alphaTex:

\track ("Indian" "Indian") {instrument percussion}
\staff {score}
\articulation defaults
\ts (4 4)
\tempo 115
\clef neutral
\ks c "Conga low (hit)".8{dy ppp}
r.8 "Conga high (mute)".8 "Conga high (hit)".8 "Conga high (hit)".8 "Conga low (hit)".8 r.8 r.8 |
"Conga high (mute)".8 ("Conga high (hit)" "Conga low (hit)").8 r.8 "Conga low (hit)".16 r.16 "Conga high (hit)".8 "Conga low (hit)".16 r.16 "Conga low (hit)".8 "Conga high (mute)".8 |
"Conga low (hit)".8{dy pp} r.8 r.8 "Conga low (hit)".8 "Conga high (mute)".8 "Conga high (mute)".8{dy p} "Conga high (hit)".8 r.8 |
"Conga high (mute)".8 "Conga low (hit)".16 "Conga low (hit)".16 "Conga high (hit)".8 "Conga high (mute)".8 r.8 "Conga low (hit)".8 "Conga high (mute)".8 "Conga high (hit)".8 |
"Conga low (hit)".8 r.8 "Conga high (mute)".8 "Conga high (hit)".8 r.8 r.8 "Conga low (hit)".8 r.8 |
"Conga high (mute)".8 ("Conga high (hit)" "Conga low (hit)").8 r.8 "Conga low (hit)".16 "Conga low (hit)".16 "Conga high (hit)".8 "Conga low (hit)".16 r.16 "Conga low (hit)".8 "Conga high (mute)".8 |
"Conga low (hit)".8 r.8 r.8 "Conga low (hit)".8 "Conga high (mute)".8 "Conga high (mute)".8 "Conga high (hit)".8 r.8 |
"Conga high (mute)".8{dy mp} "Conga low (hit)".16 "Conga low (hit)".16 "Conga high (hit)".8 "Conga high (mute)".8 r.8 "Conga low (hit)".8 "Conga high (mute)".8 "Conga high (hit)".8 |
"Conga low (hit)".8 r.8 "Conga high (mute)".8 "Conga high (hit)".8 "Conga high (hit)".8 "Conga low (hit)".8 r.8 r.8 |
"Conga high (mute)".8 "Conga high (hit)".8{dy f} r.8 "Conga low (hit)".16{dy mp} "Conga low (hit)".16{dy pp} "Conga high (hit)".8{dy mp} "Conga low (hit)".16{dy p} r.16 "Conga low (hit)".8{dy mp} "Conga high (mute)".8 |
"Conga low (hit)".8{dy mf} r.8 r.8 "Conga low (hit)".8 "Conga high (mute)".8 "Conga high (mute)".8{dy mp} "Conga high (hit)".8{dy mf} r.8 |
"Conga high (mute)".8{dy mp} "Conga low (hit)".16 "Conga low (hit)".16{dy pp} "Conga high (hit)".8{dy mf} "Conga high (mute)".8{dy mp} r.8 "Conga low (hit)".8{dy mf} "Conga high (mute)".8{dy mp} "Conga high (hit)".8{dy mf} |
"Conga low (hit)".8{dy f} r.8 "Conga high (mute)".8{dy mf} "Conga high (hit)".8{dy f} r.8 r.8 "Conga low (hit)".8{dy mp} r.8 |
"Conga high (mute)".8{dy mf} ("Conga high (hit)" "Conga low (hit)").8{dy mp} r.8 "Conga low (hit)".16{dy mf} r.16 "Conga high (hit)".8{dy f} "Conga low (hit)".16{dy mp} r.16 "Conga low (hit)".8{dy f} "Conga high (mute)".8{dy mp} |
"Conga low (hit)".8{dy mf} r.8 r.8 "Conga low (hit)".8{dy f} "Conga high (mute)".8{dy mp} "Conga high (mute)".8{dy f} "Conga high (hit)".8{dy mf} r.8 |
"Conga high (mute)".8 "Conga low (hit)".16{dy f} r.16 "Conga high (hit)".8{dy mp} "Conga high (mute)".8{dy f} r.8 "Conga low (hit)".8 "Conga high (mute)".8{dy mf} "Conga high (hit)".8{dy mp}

## WORK TO COMPLETE
Without altering a single word, transcribe the entries above.

## ANSWER BOX
alphaTex:

\track ("Indian" "Indian") {instrument percussion}
\staff {score}
\articulation defaults
\ts (4 4)
\tempo 115
\clef neutral
\ks c "Conga low (hit)".8{dy ppp}
r.8 "Conga high (mute)".8 "Conga high (hit)".8 "Conga high (hit)".8 "Conga low (hit)".8 r.8 r.8 |
"Conga high (mute)".8 ("Conga high (hit)" "Conga low (hit)").8 r.8 "Conga low (hit)".16 r.16 "Conga high (hit)".8 "Conga low (hit)".16 r.16 "Conga low (hit)".8 "Conga high (mute)".8 |
"Conga low (hit)".8{dy pp} r.8 r.8 "Conga low (hit)".8 "Conga high (mute)".8 "Conga high (mute)".8{dy p} "Conga high (hit)".8 r.8 |
"Conga high (mute)".8 "Conga low (hit)".16 "Conga low (hit)".16 "Conga high (hit)".8 "Conga high (mute)".8 r.8 "Conga low (hit)".8 "Conga high (mute)".8 "Conga high (hit)".8 |
"Conga low (hit)".8 r.8 "Conga high (mute)".8 "Conga high (hit)".8 r.8 r.8 "Conga low (hit)".8 r.8 |
"Conga high (mute)".8 ("Conga high (hit)" "Conga low (hit)").8 r.8 "Conga low (hit)".16 "Conga low (hit)".16 "Conga high (hit)".8 "Conga low (hit)".16 r.16 "Conga low (hit)".8 "Conga high (mute)".8 |
"Conga low (hit)".8 r.8 r.8 "Conga low (hit)".8 "Conga high (mute)".8 "Conga high (mute)".8 "Conga high (hit)".8 r.8 |
"Conga high (mute)".8{dy mp} "Conga low (hit)".16 "Conga low (hit)".16 "Conga high (hit)".8 "Conga high (mute)".8 r.8 "Conga low (hit)".8 "Conga high (mute)".8 "Conga high (hit)".8 |
"Conga low (hit)".8 r.8 "Conga high (mute)".8 "Conga high (hit)".8 "Conga high (hit)".8 "Conga low (hit)".8 r.8 r.8 |
"Conga high (mute)".8 "Conga high (hit)".8{dy f} r.8 "Conga low (hit)".16{dy mp} "Conga low (hit)".16{dy pp} "Conga high (hit)".8{dy mp} "Conga low (hit)".16{dy p} r.16 "Conga low (hit)".8{dy mp} "Conga high (mute)".8 |
"Conga low (hit)".8{dy mf} r.8 r.8 "Conga low (hit)".8 "Conga high (mute)".8 "Conga high (mute)".8{dy mp} "Conga high (hit)".8{dy mf} r.8 |
"Conga high (mute)".8{dy mp} "Conga low (hit)".16 "Conga low (hit)".16{dy pp} "Conga high (hit)".8{dy mf} "Conga high (mute)".8{dy mp} r.8 "Conga low (hit)".8{dy mf} "Conga high (mute)".8{dy mp} "Conga high (hit)".8{dy mf} |
"Conga low (hit)".8{dy f} r.8 "Conga high (mute)".8{dy mf} "Conga high (hit)".8{dy f} r.8 r.8 "Conga low (hit)".8{dy mp} r.8 |
"Conga high (mute)".8{dy mf} ("Conga high (hit)" "Conga low (hit)").8{dy mp} r.8 "Conga low (hit)".16{dy mf} r.16 "Conga high (hit)".8{dy f} "Conga low (hit)".16{dy mp} r.16 "Conga low (hit)".8{dy f} "Conga high (mute)".8{dy mp} |
"Conga low (hit)".8{dy mf} r.8 r.8 "Conga low (hit)".8{dy f} "Conga high (mute)".8{dy mp} "Conga high (mute)".8{dy f} "Conga high (hit)".8{dy mf} r.8 |
"Conga high (mute)".8 "Conga low (hit)".16{dy f} r.16 "Conga high (hit)".8{dy mp} "Conga high (mute)".8{dy f} r.8 "Conga low (hit)".8 "Conga high (mute)".8{dy mf} "Conga high (hit)".8{dy mp}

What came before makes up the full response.